Average cost of a scholarship is $54,700. So 20 additional scholarships is about $1.1M per year over $11M for a 10 year period.

Where does the $ come from? Does it come out of potential NIL, potential facilities, cutting sports with substantial losses, etc.?

What does a model that increases funding and scholarships for sports with higher demand like baseball mean regarding Title IX?? Do we then need to add a ladies sports to get back into equilibrium on scholarship numbers or do we cut a male sport to make up the difference?

Its time we litigate Title IX back to the LAW and not Carter era REGULATIONS, which is what lower court opinions have been based on all these years. The LAW doesn't require 1:1 scholarships. It would be one thing if the school was cutting women's basketball and softball to have other men's sports, but what's been going on for decades is the proliferation of relatively minor women's sports that schools have a very hard time finding players for.

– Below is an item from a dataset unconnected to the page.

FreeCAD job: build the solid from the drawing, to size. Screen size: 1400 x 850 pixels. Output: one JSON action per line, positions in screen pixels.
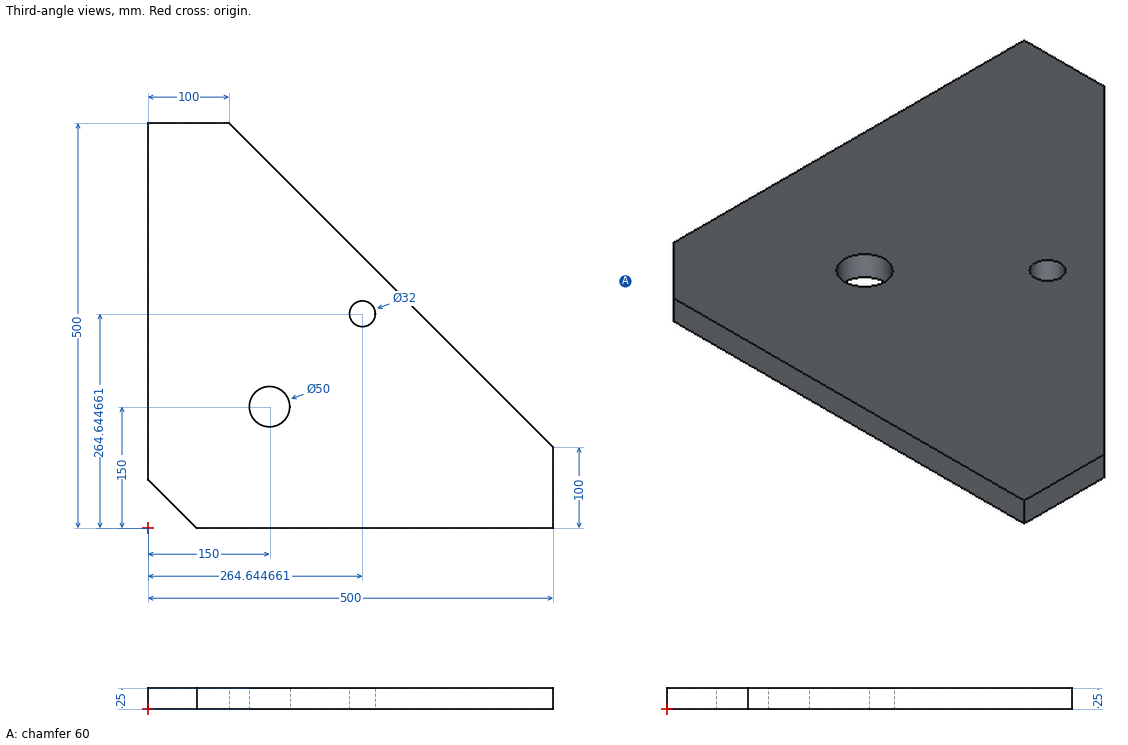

I don't want to make this political (hard not to on this subject) but now we have the whole gender mess and a lot of the same people who screamed Title 9 back in the day are now in no way supporters of WOMEN'S sports since they don't give a damn about who's actually playing the game (e.g. biological men who've transitioned or whatever). Many/most of these folks had an agenda to get rid of football in the first place. (14 schools have cut football since 2000).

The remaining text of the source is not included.